The state of each cell in subsequent generations is based on three values: the state of its left neighbor, its own state, and the state of its right neighbor in the previous generation. Because each of those states has two possible values (dead or alive), there are 2^3 = 8 possible input combinations:

1. Alive-alive-alive
2. Alive-alive-dead
3. Alive-dead-alive
4. Alive-dead-dead
5. Dead-alive-alive
6. Dead-alive-dead
7. Dead-dead-alive
8. Dead-dead-dead

The rules determine how each of these combinations affects the state of a cell in the next generation. For each of the 8 combinations, we can say the result is alive or dead. That gives us 2^8 = 256 possible rules.

Rule Numbering

Each rule is identified by a number from 0 to 255. The number, when converted to an 8-bit binary representation, specifies the output for each of the 8 input combinations. The bits map to the combinations in order: the leftmost bit gives the result for alive-alive-alive (combination 1), the next bit for alive-alive-dead (combination 2), and so on, down to the rightmost bit for dead-dead-dead (combination 8).

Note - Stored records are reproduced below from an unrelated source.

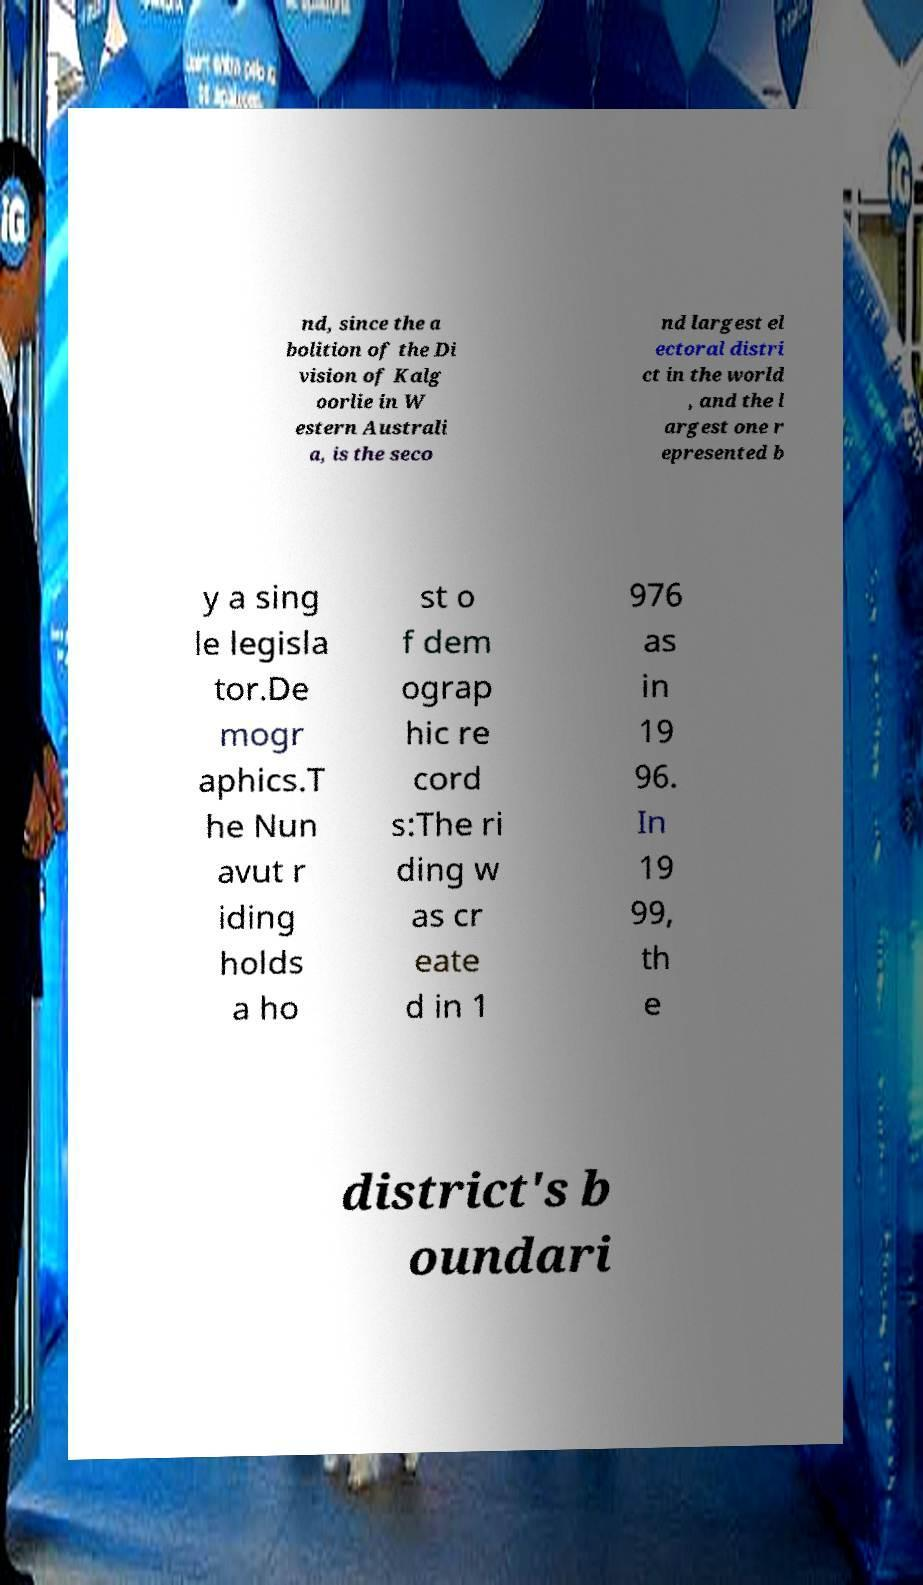For documentation purposes, I need the text within this image transcribed. Could you provide that? nd, since the a bolition of the Di vision of Kalg oorlie in W estern Australi a, is the seco nd largest el ectoral distri ct in the world , and the l argest one r epresented b y a sing le legisla tor.De mogr aphics.T he Nun avut r iding holds a ho st o f dem ograp hic re cord s:The ri ding w as cr eate d in 1 976 as in 19 96. In 19 99, th e district's b oundari 
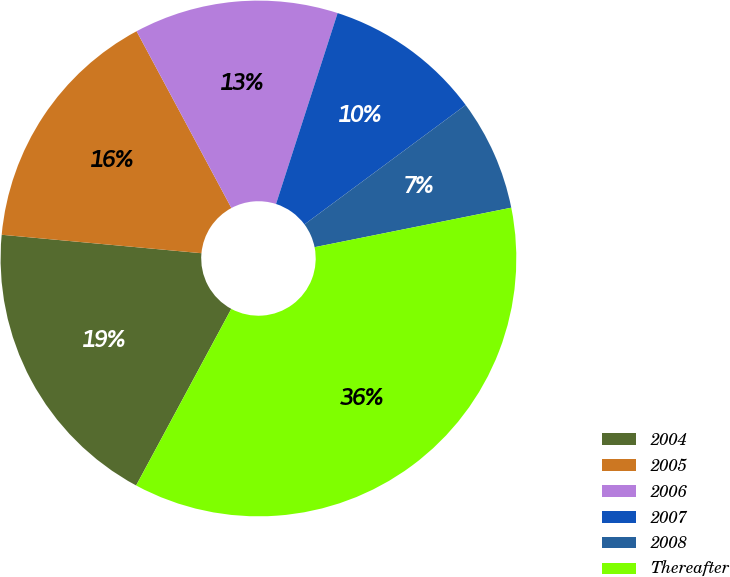Convert chart to OTSL. <chart><loc_0><loc_0><loc_500><loc_500><pie_chart><fcel>2004<fcel>2005<fcel>2006<fcel>2007<fcel>2008<fcel>Thereafter<nl><fcel>18.6%<fcel>15.7%<fcel>12.8%<fcel>9.89%<fcel>6.99%<fcel>36.02%<nl></chart> 
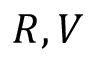<formula> <loc_0><loc_0><loc_500><loc_500>R , V</formula> 
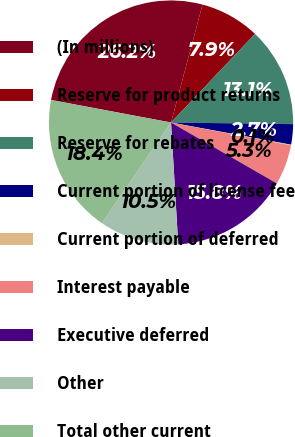<chart> <loc_0><loc_0><loc_500><loc_500><pie_chart><fcel>(In millions)<fcel>Reserve for product returns<fcel>Reserve for rebates<fcel>Current portion of license fee<fcel>Current portion of deferred<fcel>Interest payable<fcel>Executive deferred<fcel>Other<fcel>Total other current<nl><fcel>26.19%<fcel>7.92%<fcel>13.14%<fcel>2.7%<fcel>0.09%<fcel>5.31%<fcel>15.75%<fcel>10.53%<fcel>18.36%<nl></chart>

For example, Rule 30 in binary is 00011110. Reading left to right: alive-alive-alive → dead, alive-alive-dead → dead, alive-dead-alive → dead, alive-dead-dead → alive, dead-alive-alive → alive, dead-alive-dead → alive, dead-dead-alive → alive, dead-dead-dead → dead. The rule number is the lookup table, packed into a single integer.

Noteworthy Rules

The rules highlighted in light gray in the panel above produce particularly interesting behavior:

• Rule 30 produces chaotic, seemingly random patterns from a single cell. Wolfram used the center column of Rule 30 as a random number generator in Mathematica. It appears in nature, too: the pattern on the shell of the textile cone snail (Conus textile) closely resembles Rule 30 output.
• Rule 90 generates the Sierpinski triangle, a well-known fractal. It is equivalent to computing the XOR of a cell's two neighbors.
• Rule 110 is especially significant because it has been proven to be Turing complete, meaning it can simulate any computation. Matthew Cook published this proof in 2004, building on conjectures by Wolfram. This makes Rule 110 one of the simplest known systems capable of universal computation.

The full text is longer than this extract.